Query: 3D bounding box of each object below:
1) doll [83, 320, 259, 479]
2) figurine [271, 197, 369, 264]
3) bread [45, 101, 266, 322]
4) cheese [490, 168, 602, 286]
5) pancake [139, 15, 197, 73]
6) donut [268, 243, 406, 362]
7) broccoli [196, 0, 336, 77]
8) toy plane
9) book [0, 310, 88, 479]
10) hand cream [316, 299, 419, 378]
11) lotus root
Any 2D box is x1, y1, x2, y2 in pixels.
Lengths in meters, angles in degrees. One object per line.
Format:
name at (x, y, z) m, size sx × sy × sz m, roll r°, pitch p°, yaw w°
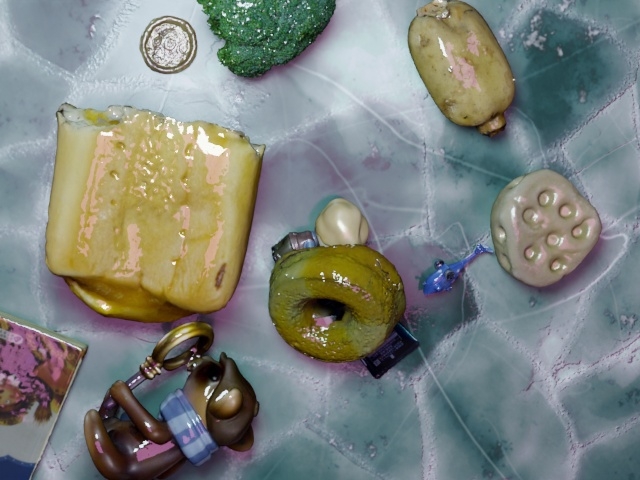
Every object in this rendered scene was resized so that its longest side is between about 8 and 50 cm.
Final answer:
doll at (-0.293, 0.339, 1.543) m, size 0.340 × 0.209 × 0.318 m, roll -24°, pitch 133°, yaw -2°
figurine at (0.000, 0.000, 1.565) m, size 0.196 × 0.114 × 0.108 m, roll -30°, pitch 107°, yaw 6°
bread at (-0.304, -0.042, 1.452) m, size 0.361 × 0.250 × 0.394 m, roll 9°, pitch 101°, yaw -6°
cheese at (0.450, -0.025, 1.614) m, size 0.218 × 0.117 × 0.235 m, roll 8°, pitch 96°, yaw -10°
pancake at (-0.289, -0.372, 1.520) m, size 0.115 × 0.011 × 0.114 m, roll -1°, pitch 96°, yaw -8°
donut at (0.021, 0.129, 1.520) m, size 0.272 × 0.107 × 0.272 m, roll 6°, pitch 123°, yaw 10°
broccoli at (-0.112, -0.447, 1.418) m, size 0.275 × 0.308 × 0.307 m, roll 34°, pitch 93°, yaw 16°
toy plane at (0.278, 0.060, 1.641) m, size 0.167 × 0.054 × 0.062 m, roll -39°, pitch 126°, yaw 0°
book at (-0.675, 0.343, 1.555) m, size 0.300 × 0.039 × 0.427 m, roll 23°, pitch 94°, yaw -10°
hand cream at (0.079, 0.157, 1.624) m, size 0.120 × 0.061 × 0.270 m, roll -41°, pitch 106°, yaw 1°
lotus root at (0.275, -0.328, 1.535) m, size 0.160 × 0.146 × 0.284 m, roll -26°, pitch 104°, yaw 15°
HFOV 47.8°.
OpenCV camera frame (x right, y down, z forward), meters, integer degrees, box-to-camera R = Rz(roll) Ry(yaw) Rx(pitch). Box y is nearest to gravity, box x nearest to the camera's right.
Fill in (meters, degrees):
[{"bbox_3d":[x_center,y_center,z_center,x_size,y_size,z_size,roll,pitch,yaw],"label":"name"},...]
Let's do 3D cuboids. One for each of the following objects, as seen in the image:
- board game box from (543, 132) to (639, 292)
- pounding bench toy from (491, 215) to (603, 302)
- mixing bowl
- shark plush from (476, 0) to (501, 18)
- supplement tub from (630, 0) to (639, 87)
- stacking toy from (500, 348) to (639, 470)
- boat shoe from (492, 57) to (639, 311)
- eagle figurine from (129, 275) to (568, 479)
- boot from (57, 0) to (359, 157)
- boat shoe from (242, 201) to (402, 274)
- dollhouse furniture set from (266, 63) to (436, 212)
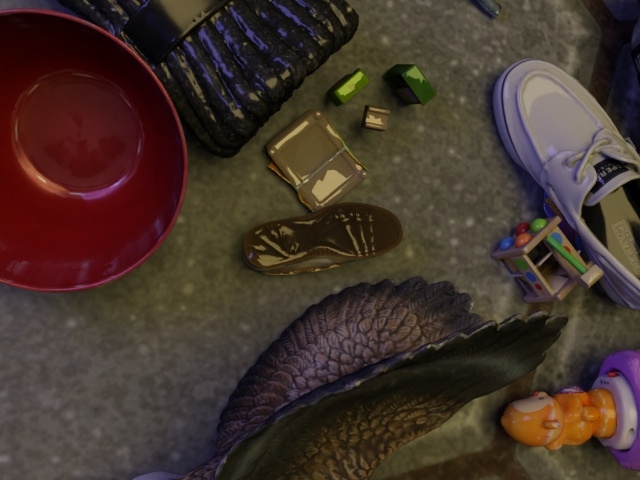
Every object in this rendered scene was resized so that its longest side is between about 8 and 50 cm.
[{"bbox_3d":[0.300,-0.030,0.714,0.133,0.033,0.168,-38,95,-20],"label":"board game box"},{"bbox_3d":[0.206,0.013,0.648,0.052,0.083,0.065,-39,97,-20],"label":"pounding bench toy"},{"bbox_3d":[-0.179,-0.065,0.499,0.182,0.098,0.181,-2,108,-5],"label":"mixing bowl"},{"bbox_3d":[0.105,-0.264,0.685,0.161,0.073,0.067,30,93,-34],"label":"shark plush"},{"bbox_3d":[0.416,-0.131,0.685,0.194,0.193,0.315,-12,86,-21],"label":"supplement tub"},{"bbox_3d":[0.307,0.154,0.646,0.302,0.175,0.165,0,87,-6],"label":"stacking toy"},{"bbox_3d":[0.248,-0.052,0.652,0.096,0.088,0.267,-26,87,1],"label":"boat shoe"},{"bbox_3d":[0.007,0.143,0.497,0.225,0.226,0.298,24,91,-52],"label":"eagle figurine"},{"bbox_3d":[-0.059,-0.262,0.564,0.260,0.131,0.348,38,83,-4],"label":"boot"},{"bbox_3d":[0.000,0.000,0.597,0.136,0.045,0.050,-6,76,-16],"label":"boat shoe"},{"bbox_3d":[0.024,-0.097,0.632,0.152,0.058,0.076,-40,105,-1],"label":"dollhouse furniture set"}]
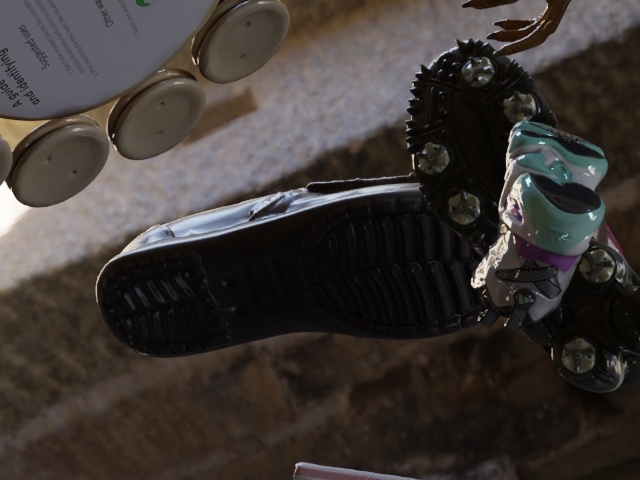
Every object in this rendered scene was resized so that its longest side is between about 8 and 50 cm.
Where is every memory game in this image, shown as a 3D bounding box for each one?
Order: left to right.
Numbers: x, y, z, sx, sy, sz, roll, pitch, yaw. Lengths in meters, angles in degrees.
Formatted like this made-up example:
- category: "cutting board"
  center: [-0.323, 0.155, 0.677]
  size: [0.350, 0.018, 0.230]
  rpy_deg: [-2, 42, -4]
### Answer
- category: "memory game"
  center: [-0.066, -0.074, 0.393]
  size: [0.186, 0.186, 0.012]
  rpy_deg: [-34, 66, -12]

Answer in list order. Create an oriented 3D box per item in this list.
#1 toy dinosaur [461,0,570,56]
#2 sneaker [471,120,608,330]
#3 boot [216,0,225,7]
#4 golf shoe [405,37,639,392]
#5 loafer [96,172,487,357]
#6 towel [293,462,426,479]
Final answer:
- category: "toy dinosaur"
  center: [0.096, -0.145, 0.603]
  size: [0.211, 0.112, 0.064]
  rpy_deg: [7, 44, 15]
- category: "sneaker"
  center: [0.073, 0.000, 0.482]
  size: [0.038, 0.069, 0.098]
  rpy_deg: [23, 24, 5]
- category: "boot"
  center: [-0.149, -0.249, 0.599]
  size: [0.131, 0.348, 0.260]
  rpy_deg: [-46, 62, 11]
- category: "golf shoe"
  center: [0.148, -0.013, 0.955]
  size: [0.105, 0.120, 0.273]
  rpy_deg: [-30, 73, 11]
- category: "loafer"
  center: [0.000, 0.000, 1.109]
  size: [0.366, 0.134, 0.130]
  rpy_deg: [-5, 29, 9]
- category: "towel"
  center: [0.038, 0.234, 0.971]
  size: [0.144, 0.197, 0.029]
  rpy_deg: [8, 37, -4]
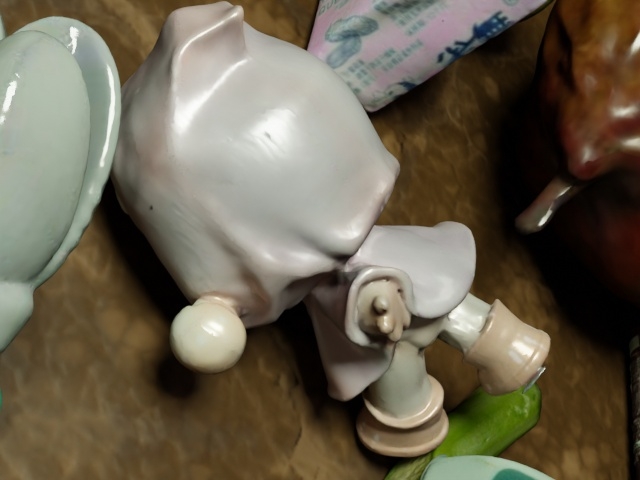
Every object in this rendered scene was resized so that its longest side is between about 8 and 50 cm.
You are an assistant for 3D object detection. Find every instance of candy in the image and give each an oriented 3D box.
[{"bbox_3d":[0.070,-0.158,0.702,0.073,0.160,0.092,36,44,-28],"label":"candy"}]

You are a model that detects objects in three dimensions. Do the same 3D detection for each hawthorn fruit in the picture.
[{"bbox_3d":[0.281,-0.090,0.770,0.325,0.308,0.308,19,59,-24],"label":"hawthorn fruit"}]

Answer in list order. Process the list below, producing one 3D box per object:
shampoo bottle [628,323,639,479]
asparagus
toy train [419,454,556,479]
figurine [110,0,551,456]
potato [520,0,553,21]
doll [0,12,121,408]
[{"bbox_3d":[0.254,0.168,0.772,0.068,0.067,0.236,30,53,-39],"label":"shampoo bottle"},{"bbox_3d":[0.070,0.129,0.649,0.041,0.045,0.178,38,40,24],"label":"asparagus"},{"bbox_3d":[0.202,0.264,0.639,0.407,0.088,0.086,49,47,-21],"label":"toy train"},{"bbox_3d":[0.000,-0.001,0.584,0.276,0.133,0.200,45,44,-17],"label":"figurine"},{"bbox_3d":[0.105,-0.277,0.797,0.197,0.149,0.228,40,38,-52],"label":"potato"},{"bbox_3d":[-0.163,-0.003,0.425,0.195,0.153,0.258,-21,80,-17],"label":"doll"}]
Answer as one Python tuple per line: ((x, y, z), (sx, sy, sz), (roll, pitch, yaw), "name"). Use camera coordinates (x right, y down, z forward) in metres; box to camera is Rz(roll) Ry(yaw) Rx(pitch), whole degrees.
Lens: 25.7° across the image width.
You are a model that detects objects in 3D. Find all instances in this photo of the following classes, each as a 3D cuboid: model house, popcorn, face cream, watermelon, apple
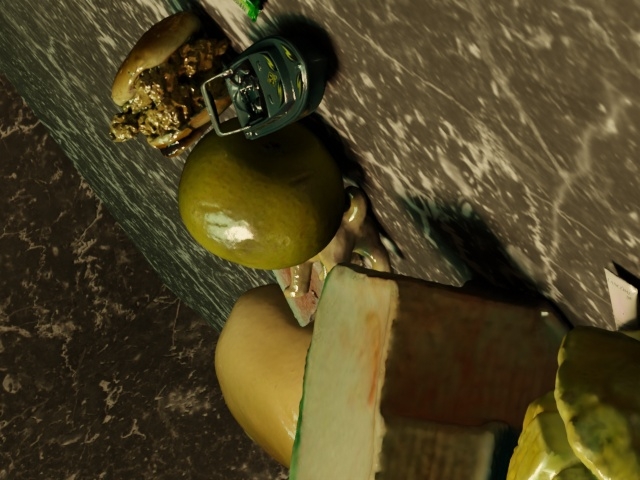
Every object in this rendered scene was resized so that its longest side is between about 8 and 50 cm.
((0.147, 0.197, 1.515), (0.280, 0.312, 0.245), (10, 179, -22), "model house")
((0.293, 0.199, 1.202), (0.276, 0.276, 0.225), (38, 130, 35), "popcorn")
((0.275, 0.063, 1.257), (0.038, 0.020, 0.115), (39, 164, 35), "face cream")
((-0.006, 0.032, 1.990), (0.154, 0.094, 0.241), (56, 166, -3), "watermelon")
((-0.066, -0.060, 1.634), (0.196, 0.196, 0.157), (41, 141, 24), "apple")

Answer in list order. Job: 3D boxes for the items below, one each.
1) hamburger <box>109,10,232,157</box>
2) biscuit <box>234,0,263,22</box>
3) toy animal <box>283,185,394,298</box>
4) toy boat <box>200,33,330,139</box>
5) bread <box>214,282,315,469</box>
((-0.184, -0.184, 1.676), (0.131, 0.185, 0.159), (45, -175, -15), "hamburger")
((-0.091, -0.264, 1.447), (0.089, 0.016, 0.046), (45, 167, 1), "biscuit")
((-0.011, -0.010, 1.794), (0.233, 0.121, 0.169), (17, 122, 52), "toy animal")
((-0.052, -0.163, 1.463), (0.093, 0.103, 0.246), (71, 161, -3), "toy boat")
((-0.011, 0.270, 2.437), (0.376, 0.253, 0.348), (34, 160, 41), "bread")
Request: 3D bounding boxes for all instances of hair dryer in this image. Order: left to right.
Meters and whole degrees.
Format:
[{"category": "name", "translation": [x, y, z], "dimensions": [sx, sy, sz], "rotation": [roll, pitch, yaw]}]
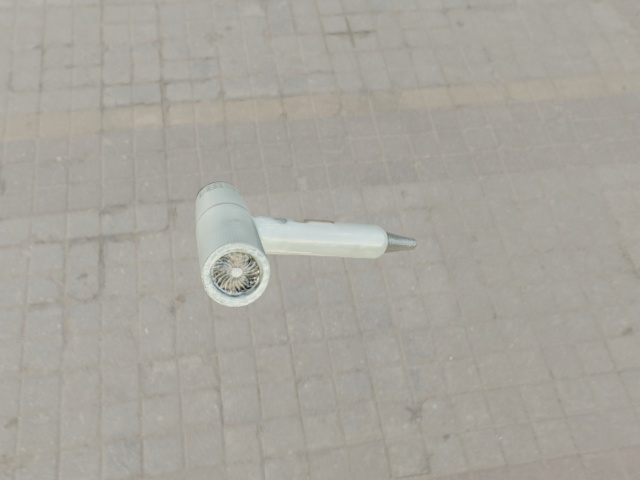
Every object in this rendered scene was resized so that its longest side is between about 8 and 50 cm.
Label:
[{"category": "hair dryer", "translation": [0.003, 0.003, 0.455], "dimensions": [0.183, 0.044, 0.155], "rotation": [6, 19, -14]}]
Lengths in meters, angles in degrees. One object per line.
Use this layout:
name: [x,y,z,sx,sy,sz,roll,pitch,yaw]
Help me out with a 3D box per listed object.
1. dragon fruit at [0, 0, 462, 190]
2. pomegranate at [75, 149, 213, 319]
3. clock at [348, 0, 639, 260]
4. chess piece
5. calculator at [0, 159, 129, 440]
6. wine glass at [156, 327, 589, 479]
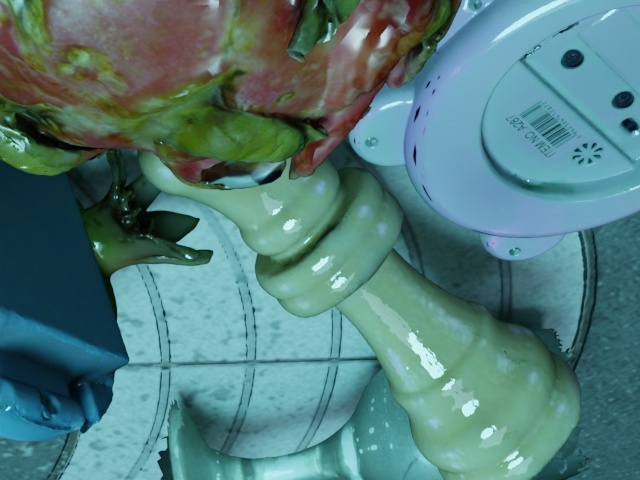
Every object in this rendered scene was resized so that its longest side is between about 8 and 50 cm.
dragon fruit: [-0.062,-0.142,0.554,0.269,0.250,0.291,-29,146,25]
pomegranate: [-0.168,0.018,0.758,0.191,0.152,0.131,-21,157,5]
clock: [0.155,-0.100,0.733,0.248,0.090,0.227,-36,129,27]
chess piece: [0.000,0.000,0.752,0.117,0.117,0.397,-35,113,25]
calculator: [-0.181,-0.035,0.612,0.051,0.293,0.173,-29,155,12]
wine glass: [0.043,0.156,0.943,0.321,0.143,0.143,-15,135,5]
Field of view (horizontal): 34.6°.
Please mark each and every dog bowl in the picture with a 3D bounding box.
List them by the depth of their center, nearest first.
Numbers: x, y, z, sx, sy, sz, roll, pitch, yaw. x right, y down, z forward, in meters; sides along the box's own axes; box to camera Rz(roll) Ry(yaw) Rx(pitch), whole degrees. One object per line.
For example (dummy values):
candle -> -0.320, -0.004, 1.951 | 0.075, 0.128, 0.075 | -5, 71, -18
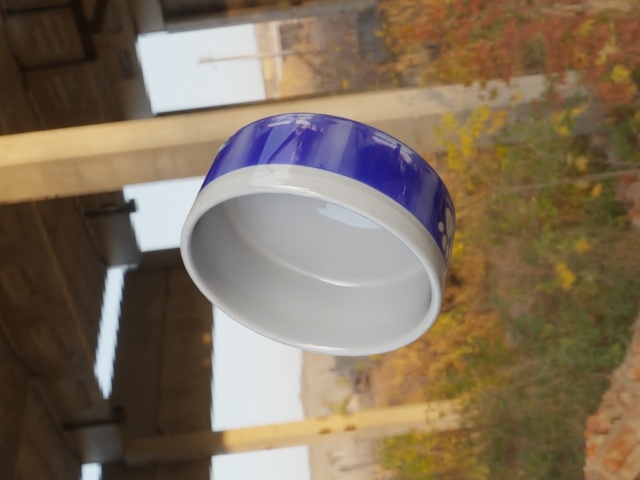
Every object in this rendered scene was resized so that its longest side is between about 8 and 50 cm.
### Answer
dog bowl -> 0.000, 0.000, 1.035 | 0.265, 0.265, 0.104 | 82, -159, -50
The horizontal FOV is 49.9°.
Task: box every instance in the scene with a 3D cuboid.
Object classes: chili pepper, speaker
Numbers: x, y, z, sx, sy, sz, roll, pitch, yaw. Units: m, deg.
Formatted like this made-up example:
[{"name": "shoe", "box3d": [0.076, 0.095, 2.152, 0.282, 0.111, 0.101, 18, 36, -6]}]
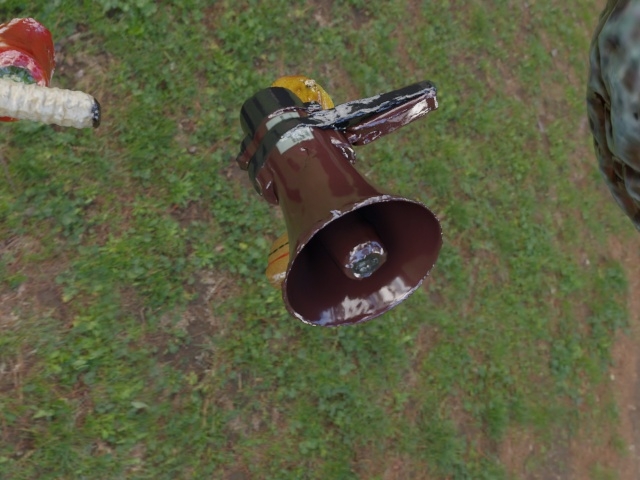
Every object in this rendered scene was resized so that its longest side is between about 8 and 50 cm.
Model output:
[{"name": "chili pepper", "box3d": [-0.532, -0.271, 1.173, 0.131, 0.135, 0.338, 1, 33, -18]}, {"name": "speaker", "box3d": [0.027, -0.099, 0.840, 0.198, 0.259, 0.330, 27, 31, -44]}]

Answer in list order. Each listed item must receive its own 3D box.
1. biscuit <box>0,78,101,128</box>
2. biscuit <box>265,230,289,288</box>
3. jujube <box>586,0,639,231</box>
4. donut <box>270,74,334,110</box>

**Task to complete**
Find how many lines in the listing contain the word "left" and give that count alone.

**Output**
2